Protecting rural communities, expanding transportation

Christopher Campany, executive director of the Windham Regional Commission, defines a healthy economy as an environment where all community members have a sense of income security and businesses do well.

Many Vermonters, however, “need to piece together jobs” yet still live paycheck to paycheck.

In building the 2014 regional plan - currently under revision - staff found that an equal exchange of workers commuted to jobs across the region's tri-state boundaries.

In recognition of how Windham County's economy and community extends beyond the county's boundaries, Campany said, the WRC has developed deep partnerships with its counterparts in Massachusetts and New Hampshire.

Campany is concerned about the county's more rural towns such as Newfane, or Jamaica, or Halifax, many of which lack the public water and sewer infrastructure to add new housing or new businesses.

Without this infrastructure, “they really are frozen in time,” he said.

As the region grows, as Campany expects it will, these communities will need to expand themselves to absorb overflow from the county's larger towns.

Campany would like to see towns and the state build a plan to expand water and sewer. Most of the state's policies around things like clean water, energy, and economic growth hinge on developing land in dense chunks, a land-use strategy that preserves open space, discourages sprawl, and creates communities where residents can walk to essential services.

While water infrastructure might pose a challenge to the region, rail transport presents an opportunity.

Massachusetts is launching a pilot program to increase rail service from Greenfield this summer in an attempt to make train travel to New York City easier and more practical.

According to Campany, the new service will allow travelers to leave Greenfield early in the morning and return late the same night. He speculates that this program could evolve to bring commuter rail from Brattleboro to larger metropolitan areas. If this happens, then it could change how people live, work, and commute to and from the Windham region.

Campany hopes residents of Windham County never take for granted the sense of community and strong institutions that have been sustained by southern Vermont towns.

Other regions across the country are “trying to recreate what we've got,” he said.

Windham County communities offer “third places” where people congregate, dance, shop, and debate, keeping cultural organizations vibrant, businesses busy, and isolation at bay, he said.

Isolation can lead to health issues like opiate misuse, he said.

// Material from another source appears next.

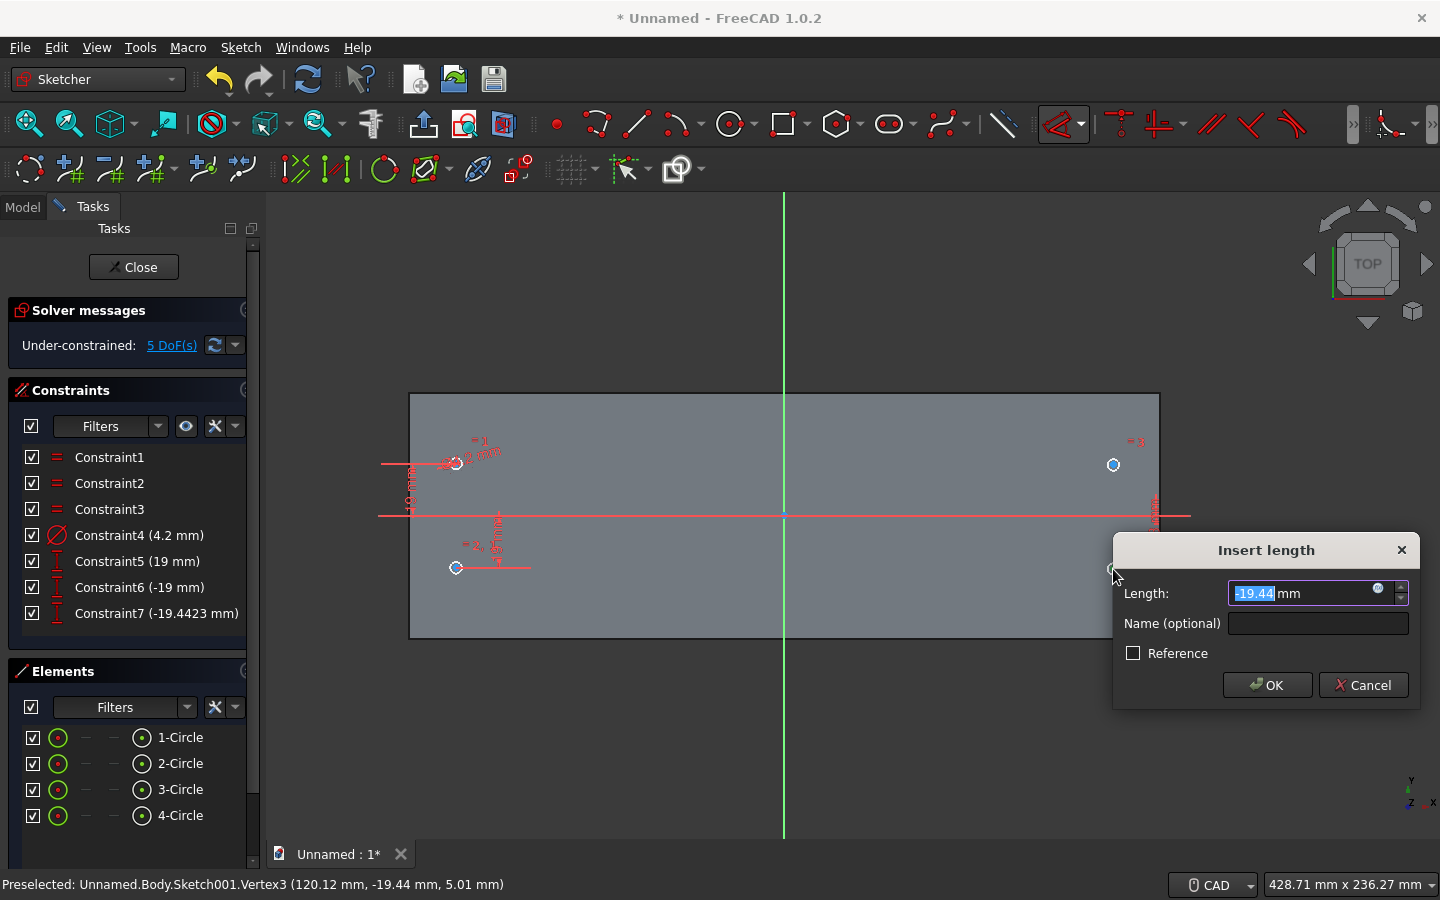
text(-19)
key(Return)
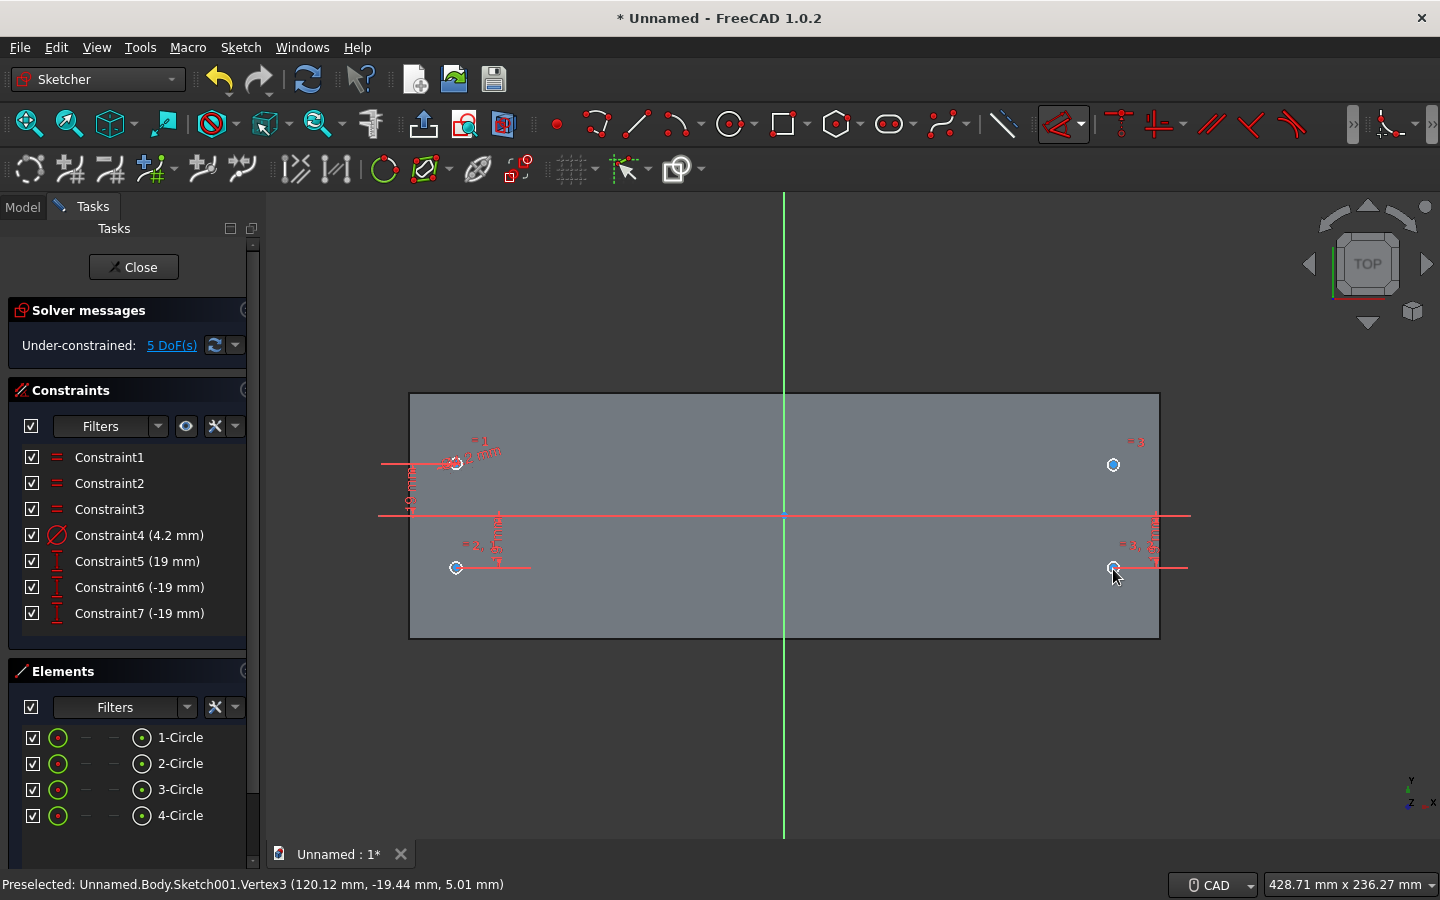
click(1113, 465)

“These third places may not be about the economy, but about the sustainability of our area,” Campany said.

Aligning Vermont values with the digital economy

Campany isn't the only person with infrastructure on his mind.

In a visit to Brattleboro on April 18, state Attorney General T.J. Donovan spoke about increasing the state's investment in public infrastructure and aligning Vermont values with the 21st century digital economy.

“We're in an interesting spot right now in our history,” Donovan told an audience of Rotarians. “I go around this state and I think there's a palpable sense that we've got a bit of an identity crisis going on right now.”

“We're not really sure who we are in the 21st century,” he continued. “Are we the agrarian state of the 19th and 20th century, or are we part of the global digital economy - and can we retain our traditions and our values if we're part of that global digital economy?”

In Donovan's opinion, the state lacks the public investment needed to move forward. Instead, the state is “teetering” and debating affordability.

Donovan said he sees public investments as something that can level the playing field and help Vermonters “get ahead.” Getting ahead includes making sure people have access to clean drinking water, health care, good schools, transportation, and jobs, he said.

“And let's create an environment and an ecosystem so that people want to flock here and want to stay here,” he said. “It's not an either-or.”

“Let's also understand that we can retain our traditions and our values and be a participant in that economy,” Donovan said.